── SUPPLIED MATERIAL

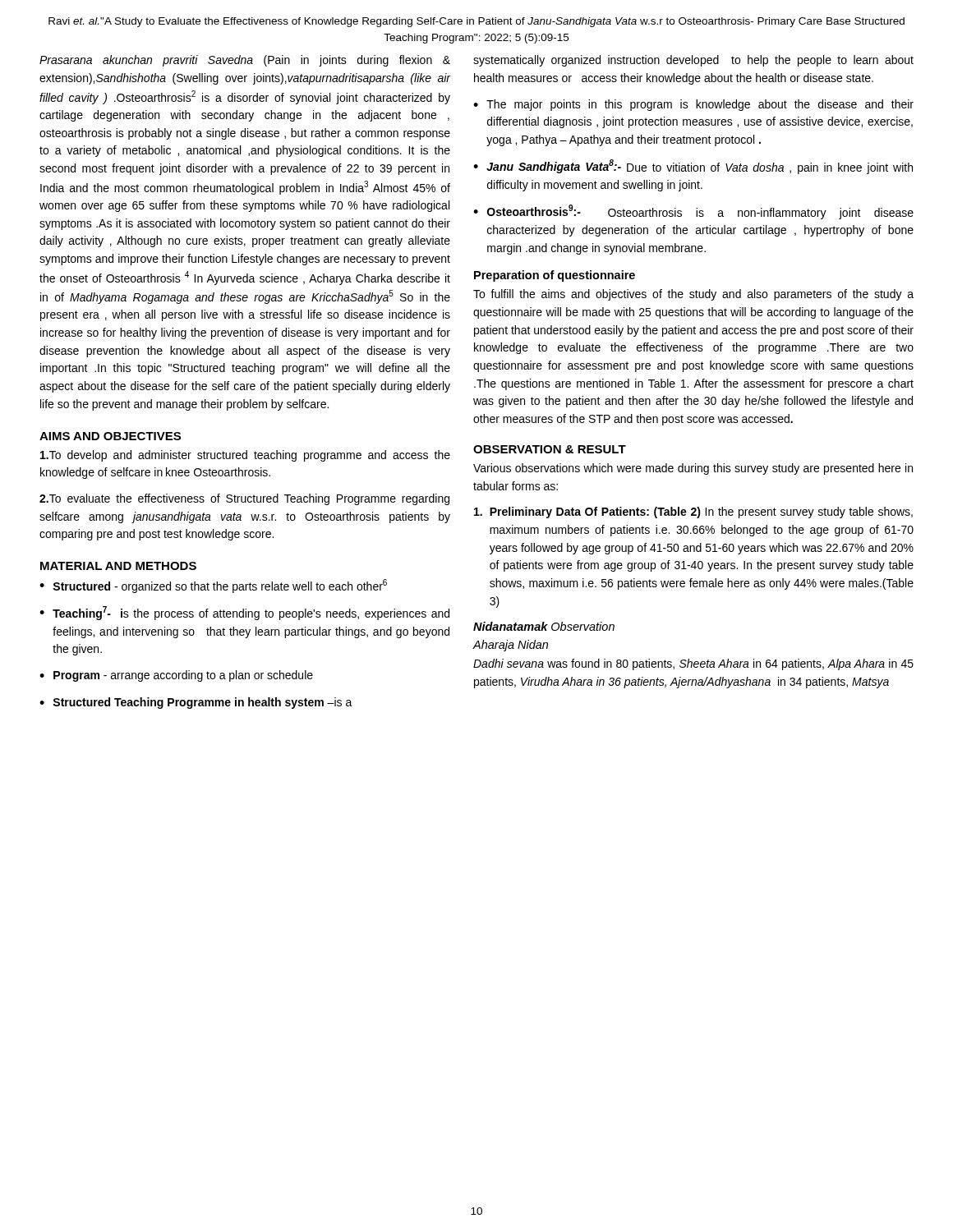Click the passage that begins "Prasarana akunchan pravriti Savedna"
Screen dimensions: 1232x953
pyautogui.click(x=245, y=232)
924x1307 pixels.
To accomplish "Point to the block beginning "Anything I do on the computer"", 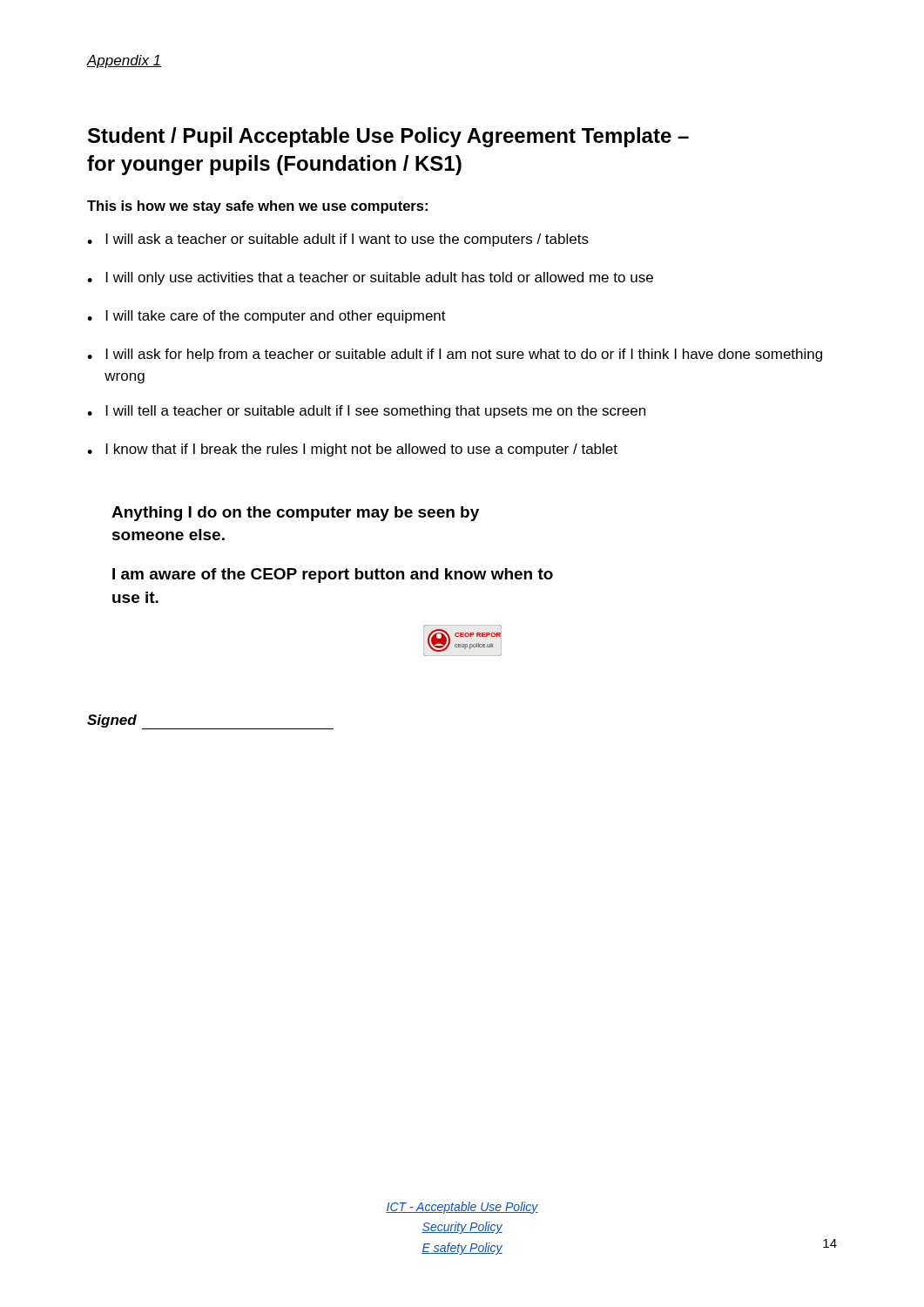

────

▶ _ACTION ITEM_: The answer should contain only the lines from the one with "924x1307 pixels." through the last line of the material, given word for word and without pictures.

▶ _RESULT FOR THIS EXERCISE_:
924x1307 pixels.
To accomplish "Point to the block beginning "Anything I do on the computer"", 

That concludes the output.